The scatterplots show how many of the subjective assessments were confirmed by objective indices (see Fig. 1a, b); 46% (n = 46) of caregiver subjective assessments of consciousness were contradicted by neurophysiological assessments (Fig. 1a). Forty-two NRSc assessments indicating no consciousness (≤ 3) disagree with WAVncs (≥ 60), and five NRSc assessments indicating consciousness (> 3) disagree with WAVcns < 60. This cut-off value (60) is indicated by the black horizontal line in the scatterplot. Of the 100 valid WAVcns assessments measured, 55 were above or equal to 60 (55%). Sensitivity and specificity of caregivers’ subjective assessments of consciousness was 23.6 and 91.1% respectively, with a PPV of 76.5% and NPV of 49.4%, an accuracy of 54.0% and interrater reliability (κ) of 0.13. Similar to the omnibus test, caregiver subjective assessments are highly specific yet show poor sensitivity, NPV, PPV, accuracy, and κ values (see Table 2).

Fig. 1
figure 1

a Scatterplot of WAVcns by NRSc.

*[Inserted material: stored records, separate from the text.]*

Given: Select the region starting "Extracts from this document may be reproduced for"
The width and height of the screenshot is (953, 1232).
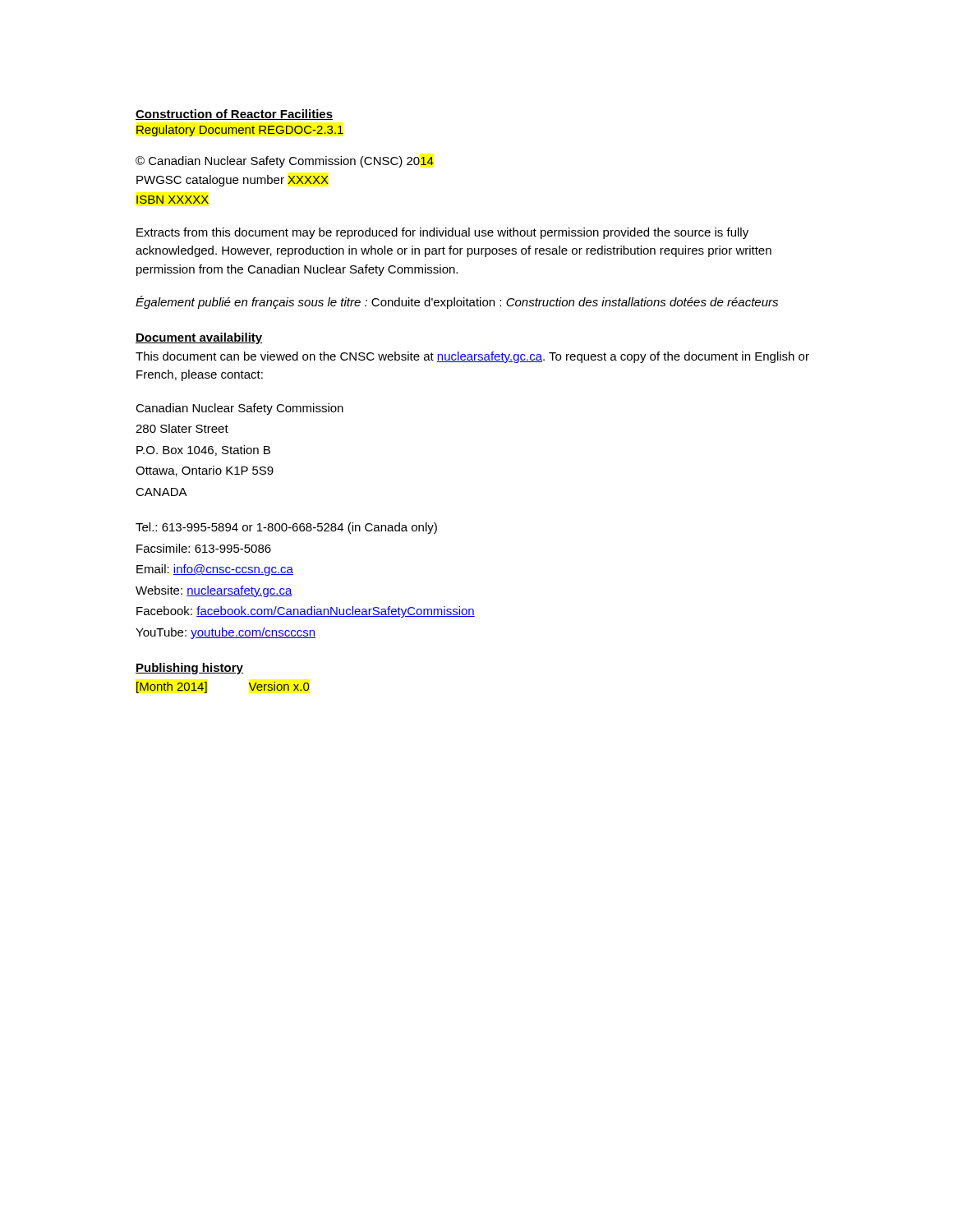Looking at the screenshot, I should tap(454, 250).
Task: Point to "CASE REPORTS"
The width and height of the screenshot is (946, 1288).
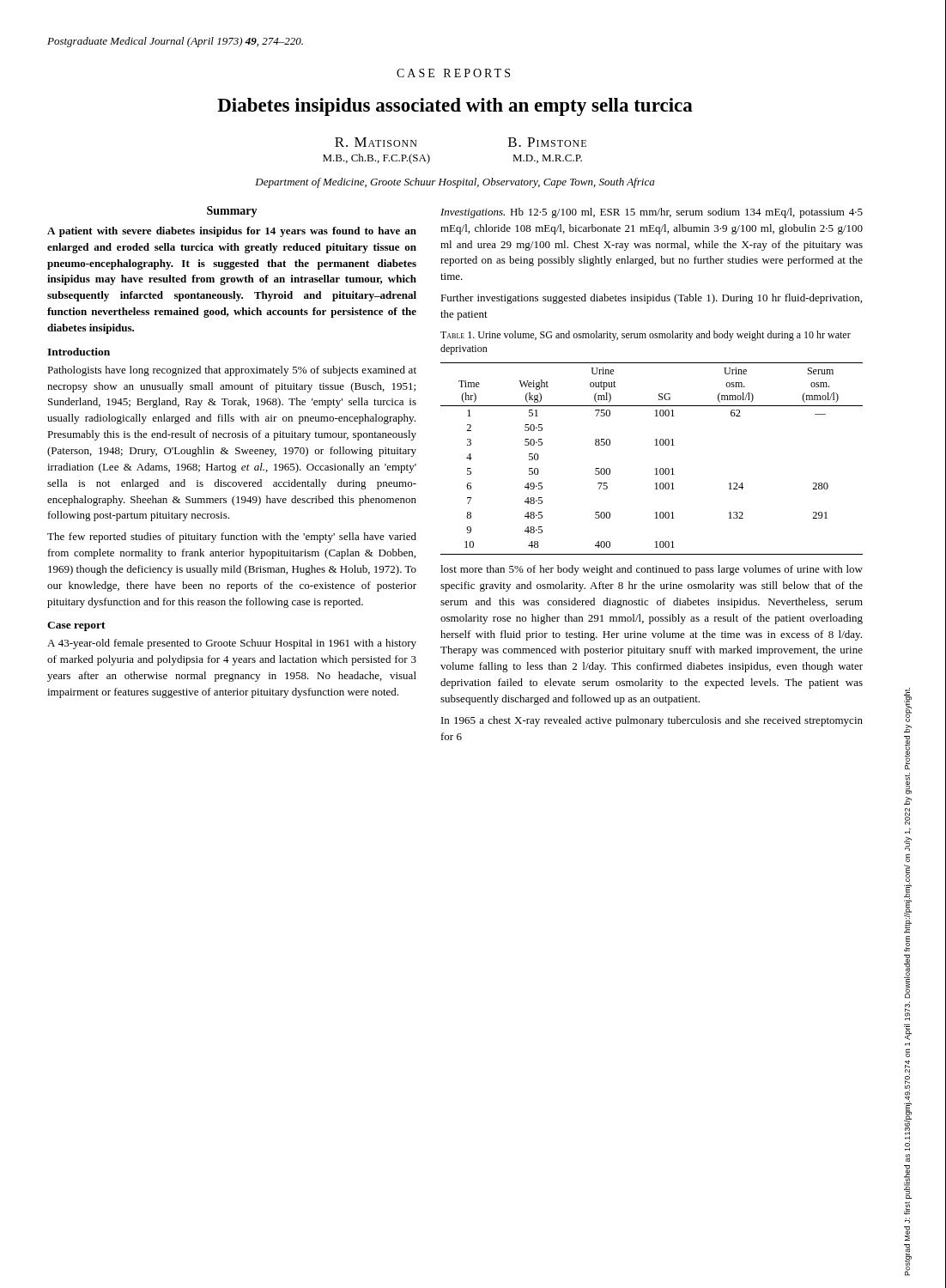Action: click(x=455, y=73)
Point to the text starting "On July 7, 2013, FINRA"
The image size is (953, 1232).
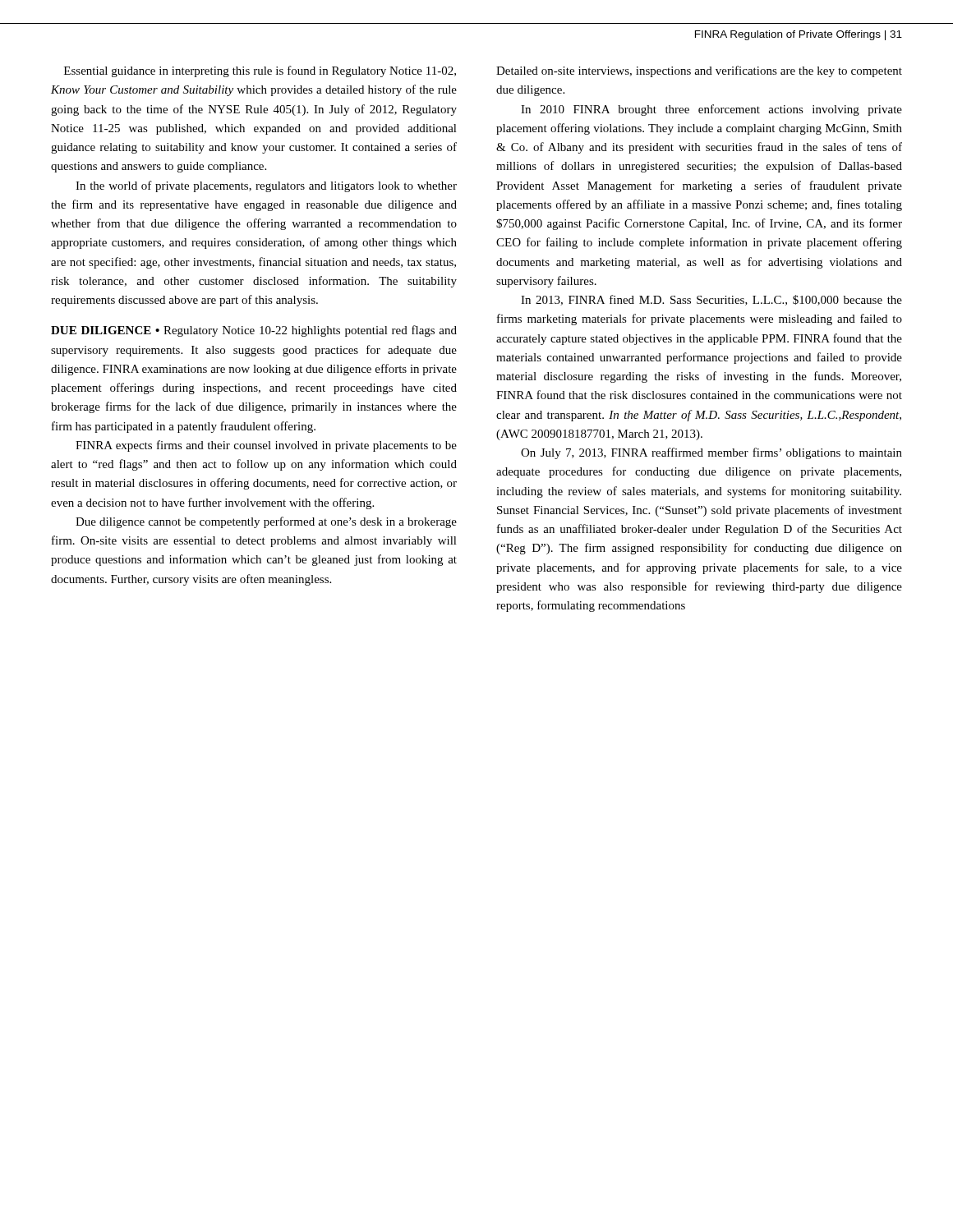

WAVcns wavelet anesthetic value for the central nervous system, NRSc numeric rating scale for consciousness, FN false negatives, TP true positives, TN true negatives, FP false positives. b Scatterplot of ANI by NRSp. ANI analgesia nociception index, NRSp numeric rating scale for pain, FN false negatives, TP true positives, TN true negatives, FP false positives

Table 2 Comparison of objective and subjective assessments

Assessments of Pain

Caregiver subjective assessments of pain were contradicted by neurophysiological assessments in 8.7% (n = 9) (Fig. 1b). Five NRSp assessments indicating no pain (≤ 3) disagree with ANI (< 50), and four NRSp assessments indicating pain (> 3) disagree with ANI (≥ 50). The black horizontal line in the scatterplot indicates the cut-off value of 50. Of the 104 valid ANI assessments measured, 8 were < 50 (7.7%), indicating insufficient analgesia. Of the corresponding ANIm values, 90 were > 70 (85.6%), indicating a possible overdosage of opioids. Omnibus sensitivity and specificity of caregivers’ subjective assessments of pain was 0 and 94.79%, respectively, with a PPV of 0%, an NPV of 91.92%, an accuracy of 88% and an inter-rater reliability (κ) of − 0.063. Analogously, caregivers’ subjective assessments of pain show to be highly specific and quite accurate at identifying correctly patients who are not in pain according to ANI assessments. In general, however, κ values indicate that objective and subjective assessments tend to show very poor agreement.

Correlation between Observational Assessments and Neurophysiological Measures

Median (IQR) WAVcns and ANI values during subjective NRS caregiver assessments (pain, consciousness, and communication) and the accompanying Kendall rank correlations coefficients are given in Table 3. Correlations were 0.18, 0.33, and 0.41 for NRS assessments compared with WAVcns values, and − 0.02, − 0.03, and − 0.08 for NRS assessments compared with ANI values, which indicates negligible to low positive correlations and negligible correlations, respectively [23].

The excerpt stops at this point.